The Low Frequency Receiver (LFR) is a wave analyzer board responsible for digitization and processing of multicomponent signals from EFI antennas and SCM in the frequency range up to 20 kHz and waveform acquisition up to 200 kHz. The signal shall be processed by integrated digital logic implemented in an FPGA, performing filtering, decimation and spectral analysis of the signals in order to reduce the telemetry volume. LFR will allow to sample up to 12 signals simultaneously. Digitization will be performed with 14 or 16 bit ADC’s and oversampling will be applied to further increase dynamics.

Electron Density Sounder (EDS) is an active experiment injecting oscillating signal on the shields of the EFI/SDP wire booms and measuring the response of the plasma in electric field. Analysis of plasma resonances then allows obtaining precise absolute measurement of electron density invaluable for particle instrument cross-calibration. Comparing to THR, EDS provides good estimates even in the presence of natural waves, but the active nature of the measurement perturbs other field measurements. EDS has to be run in a low duty cycle.

The Data Processing Unit (DPU) is a central computer dedicated to controlling the units within the FWP box, receiving raw telemetry data from all FWP units, formatting and compressing the science data and transmitting them to the spacecraft. DPU software will also perform numerical calculations for producing spectral matrices. The board will include a powerful fault tolerant CPU (dual-core Leon3-FT), 128MB of memory, SpaceWire interface to the spacecraft and digital interfaces to other FPW subunits. As the FWP DPU represents a critical system for the entire mission, two separate units in cold redundancy will be included in FWP box.

Power Supply Unit (PSU) is a DC-DC power converter providing stabilized low voltages to all subunits of FWP and to the MAG, SCM and EFI sensors. The PSU will include a digitally controlled power distribution unit with the ability to power on or off any subunit independently, secondary current and voltage monitoring as well as overcurrent protection. Two separate units in cold redundancy will be included in FWP box.

Energetic Particle Experiments (EPE)

PI: Robert F. Wimmer-Schweingruber (Institut für Experimentelle und Angewandte Physik, University of Kiel, Germany)
Co-PI: Rami Vainio (Department of Physics and Astronomy, University of Turku, Finland)

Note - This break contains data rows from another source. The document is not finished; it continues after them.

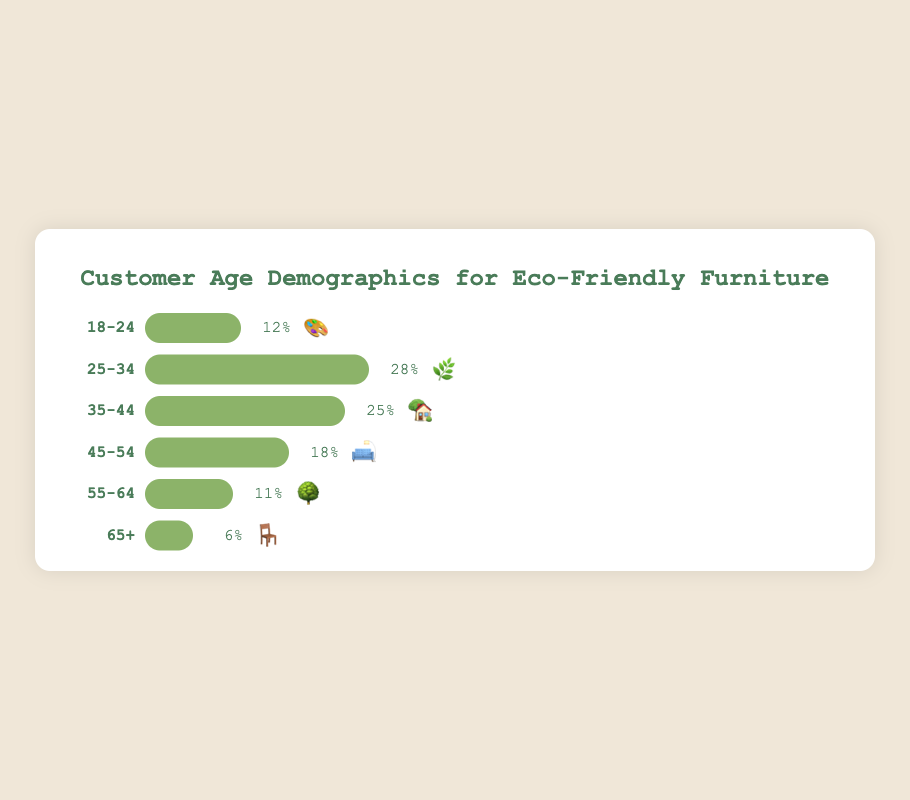What age group has the highest percentage for eco-friendly furniture purchases? The bar representing the 25-34 age group has the longest fill bar at 28%, which is the highest among all age groups.
Answer: 25-34 What percentage of the purchases are made by individuals aged 35-44? The figure indicates that 25% of the purchases are made by individuals in the 35-44 age group, as shown by the bar with the emoji 🏡.
Answer: 25% Combine the percentages for the age groups 18-24 and 55-64. What is the total? The figure shows that the 18-24 age group contributes 12% and the 55-64 age group contributes 11%. Summing these up gives 12% + 11% = 23%.
Answer: 23% Which age groups have a percentage higher than 20%? Both the 25-34 (28%) and the 35-44 (25%) age groups have percentages higher than 20%, indicated by the longer fill bars.
Answer: 25-34 and 35-44 How do the percentages of customers aged 45-54 and 65+ compare? The percentage for customers aged 45-54 is 18%, while that for customers aged 65+ is 6%. The 45-54 age group percentage is 3 times higher than that of the 65+ age group.
Answer: 45-54 is higher What emoji is used to represent the age group with the lowest percentage? The figure shows the age group 65+, represented by the emoji 🪑, with the lowest percentage of 6%.
Answer: 🪑 What is the difference in percentages between the 25-34 and 55-64 age groups? The percentage for the 25-34 age group is 28% and for the 55-64 age group is 11%. The difference is 28% - 11% = 17%.
Answer: 17% What is the average percentage of the age groups 35-44, 45-54, and 55-64? Summing the percentages for these groups: 25% + 18% + 11% gives 54%. Dividing by 3, the average is 54% / 3 = 18%.
Answer: 18% Which age group is represented by the emoji 🛋️ and what is its percentage? The age group 45-54 is represented by the emoji 🛋️, and according to the figure, it has a percentage of 18%.
Answer: 45-54, 18% What is the total percentage of purchases made by individuals aged under 35? The percentages for age groups 18-24 and 25-34 are 12% and 28% respectively. Summing these gives 12% + 28% = 40%.
Answer: 40% 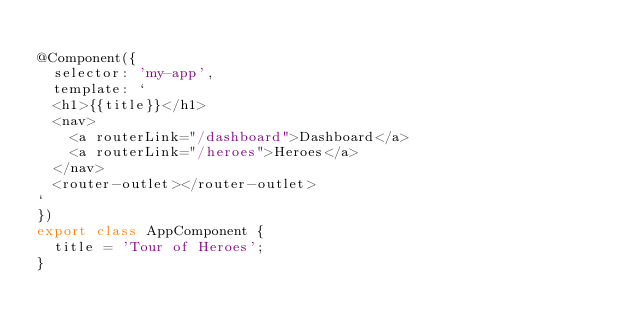<code> <loc_0><loc_0><loc_500><loc_500><_TypeScript_>
@Component({
  selector: 'my-app',
  template: `
  <h1>{{title}}</h1>
  <nav>
    <a routerLink="/dashboard">Dashboard</a>
    <a routerLink="/heroes">Heroes</a>
  </nav>
  <router-outlet></router-outlet>
`
})
export class AppComponent {
  title = 'Tour of Heroes';
}</code> 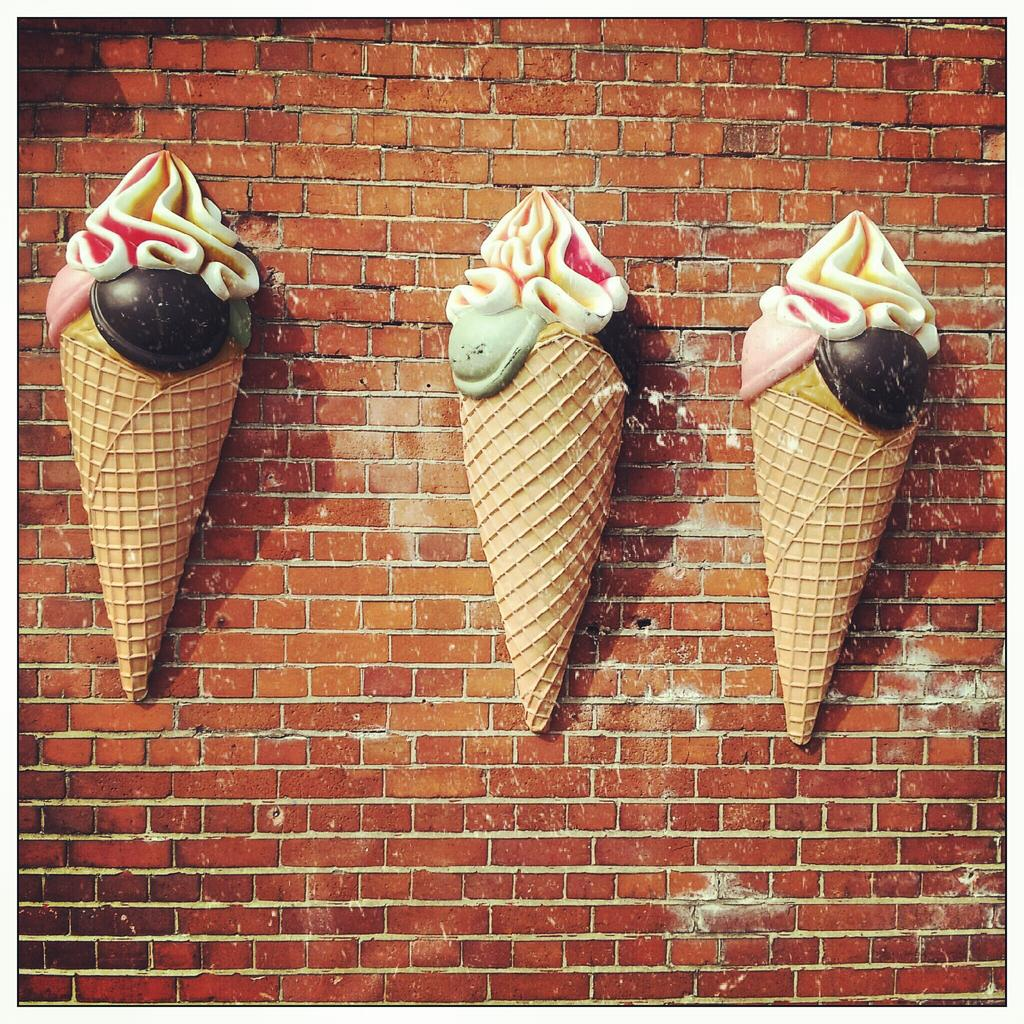What is depicted on the wall in the image? There are ice creams on the wall in the image. What type of fold can be seen in the image? There is no fold present in the image; it features ice creams on the wall. What kind of pleasure can be experienced by the ice creams in the image? The ice creams in the image are not capable of experiencing pleasure, as they are inanimate objects. 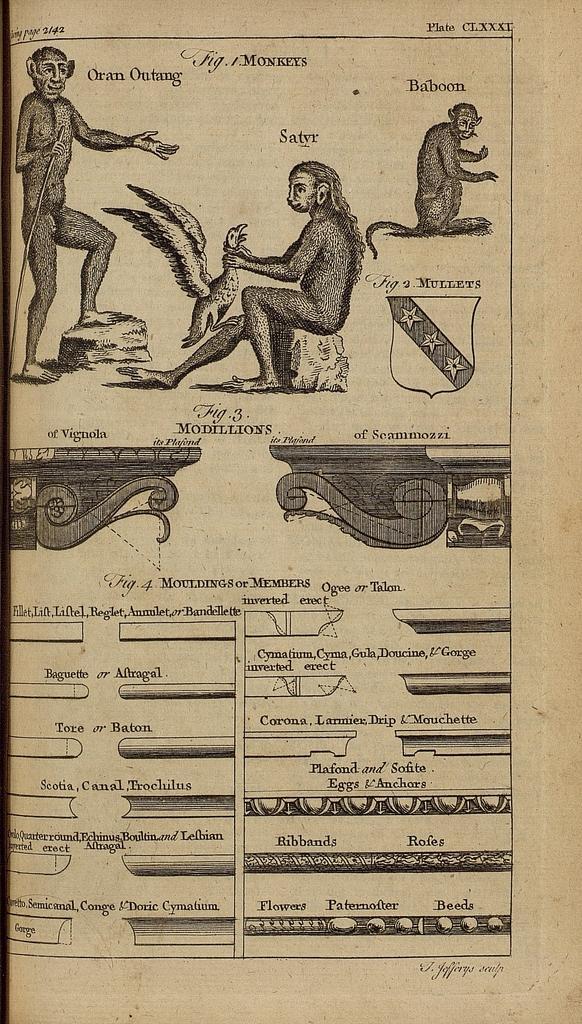How would you summarize this image in a sentence or two? In this picture there is a poster. At the top of the poster I can see the monkey and person who was holding a bird. Beside him there is a man who is standing on the stone and holding a stick. 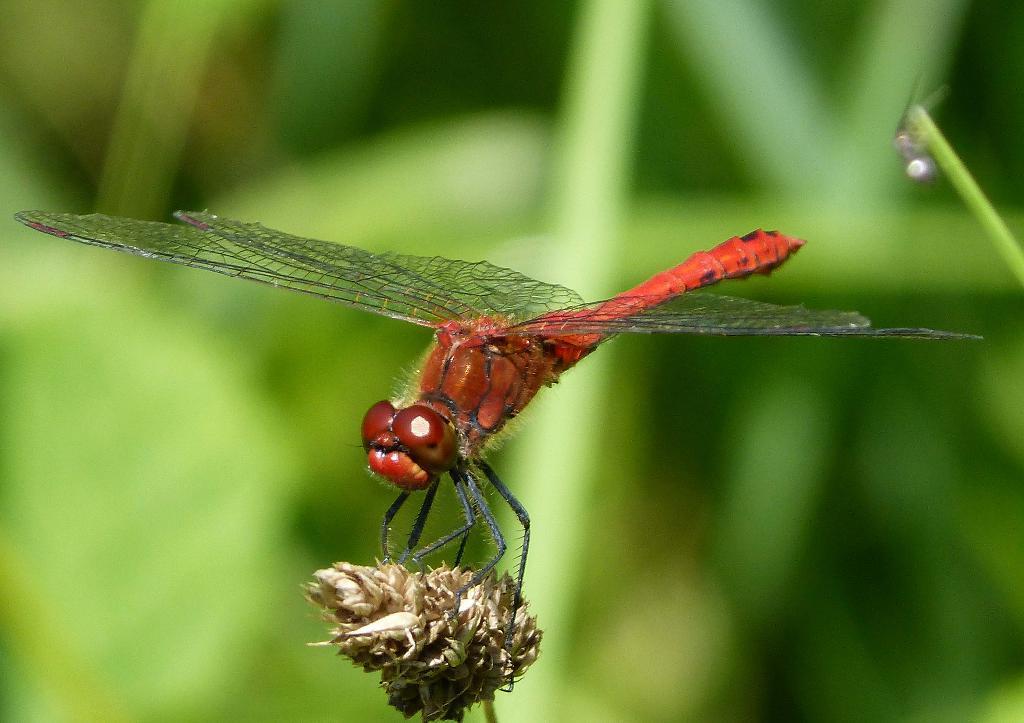Please provide a concise description of this image. In this image I can see the dragonfly which is in red and black color. It is on the flower. In the back I can see the plant but it is blurry. 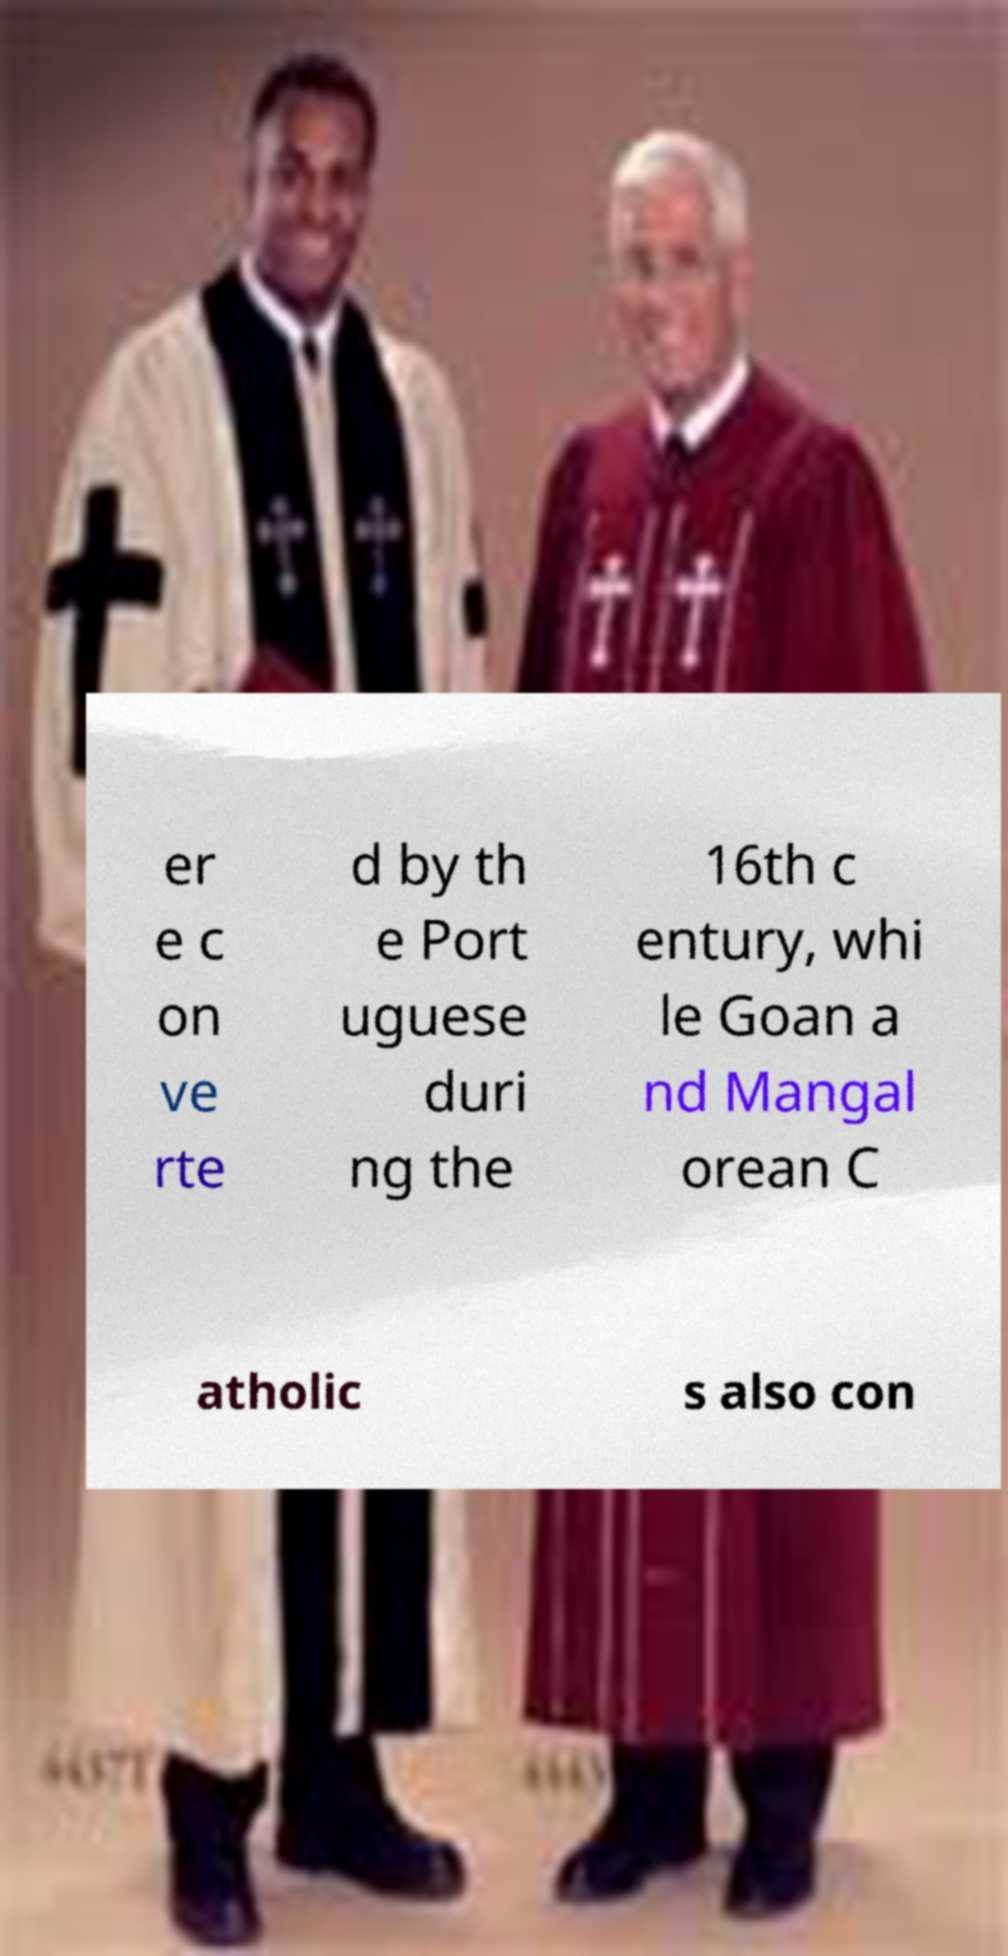Can you read and provide the text displayed in the image?This photo seems to have some interesting text. Can you extract and type it out for me? er e c on ve rte d by th e Port uguese duri ng the 16th c entury, whi le Goan a nd Mangal orean C atholic s also con 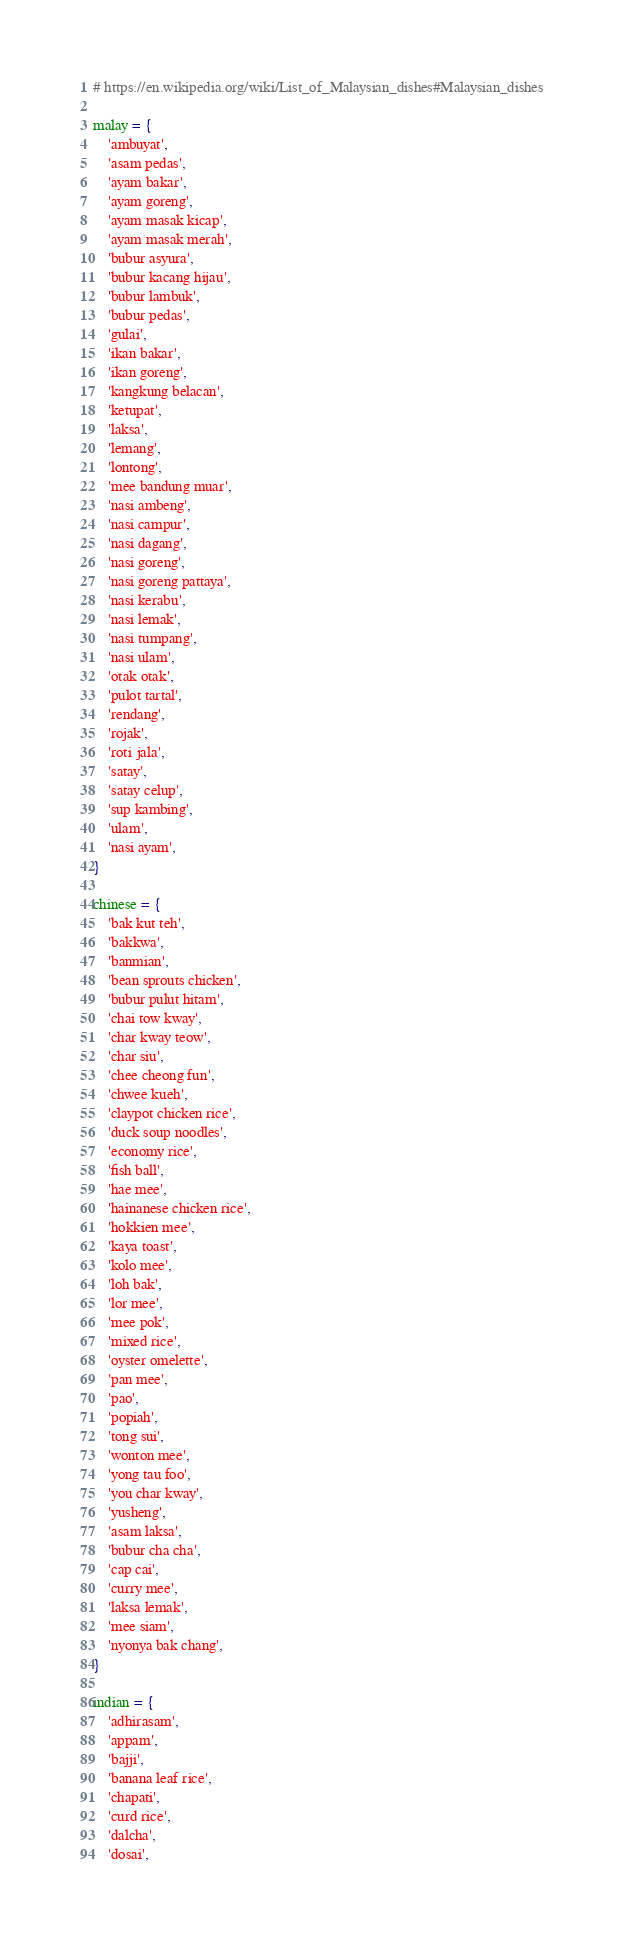<code> <loc_0><loc_0><loc_500><loc_500><_Python_># https://en.wikipedia.org/wiki/List_of_Malaysian_dishes#Malaysian_dishes

malay = {
    'ambuyat',
    'asam pedas',
    'ayam bakar',
    'ayam goreng',
    'ayam masak kicap',
    'ayam masak merah',
    'bubur asyura',
    'bubur kacang hijau',
    'bubur lambuk',
    'bubur pedas',
    'gulai',
    'ikan bakar',
    'ikan goreng',
    'kangkung belacan',
    'ketupat',
    'laksa',
    'lemang',
    'lontong',
    'mee bandung muar',
    'nasi ambeng',
    'nasi campur',
    'nasi dagang',
    'nasi goreng',
    'nasi goreng pattaya',
    'nasi kerabu',
    'nasi lemak',
    'nasi tumpang',
    'nasi ulam',
    'otak otak',
    'pulot tartal',
    'rendang',
    'rojak',
    'roti jala',
    'satay',
    'satay celup',
    'sup kambing',
    'ulam',
    'nasi ayam',
}

chinese = {
    'bak kut teh',
    'bakkwa',
    'banmian',
    'bean sprouts chicken',
    'bubur pulut hitam',
    'chai tow kway',
    'char kway teow',
    'char siu',
    'chee cheong fun',
    'chwee kueh',
    'claypot chicken rice',
    'duck soup noodles',
    'economy rice',
    'fish ball',
    'hae mee',
    'hainanese chicken rice',
    'hokkien mee',
    'kaya toast',
    'kolo mee',
    'loh bak',
    'lor mee',
    'mee pok',
    'mixed rice',
    'oyster omelette',
    'pan mee',
    'pao',
    'popiah',
    'tong sui',
    'wonton mee',
    'yong tau foo',
    'you char kway',
    'yusheng',
    'asam laksa',
    'bubur cha cha',
    'cap cai',
    'curry mee',
    'laksa lemak',
    'mee siam',
    'nyonya bak chang',
}

indian = {
    'adhirasam',
    'appam',
    'bajji',
    'banana leaf rice',
    'chapati',
    'curd rice',
    'dalcha',
    'dosai',</code>

The Energetic Particle Experiment (EPE) on-board THOR is a particle instrument measuring the energy spectra and angular distributions of energetic electrons (20-600 keV) and ions (20-8000 keV/n). The instrument has two sensor units, each one measuring with two double-ended telescope pairs in four view cones. Utilizing the spin of the spacecraft, EPE observations cover the full sky. The EPE instrument collects 3D distributions of all particles during half of a spacecraft spin period (every 15 s). The relative orientation of the 8 independent telescopes was conceived to enable good quality sub-spin measurements for most magnetic field configurations. EPE has heritage from the Energetic and Relativistic Nuclei and Electron experiment on SOHO (ERNE), the Solar Electron and Proton Telescope on STEREO (SEPT) and from the Electron Proton Telescope on Solar Orbiter (EPT). EPE also adds composition capabilities not foreseen in SEPT and only to a limited extent in EPT by adding an ultra-thin front detector in the ion channel.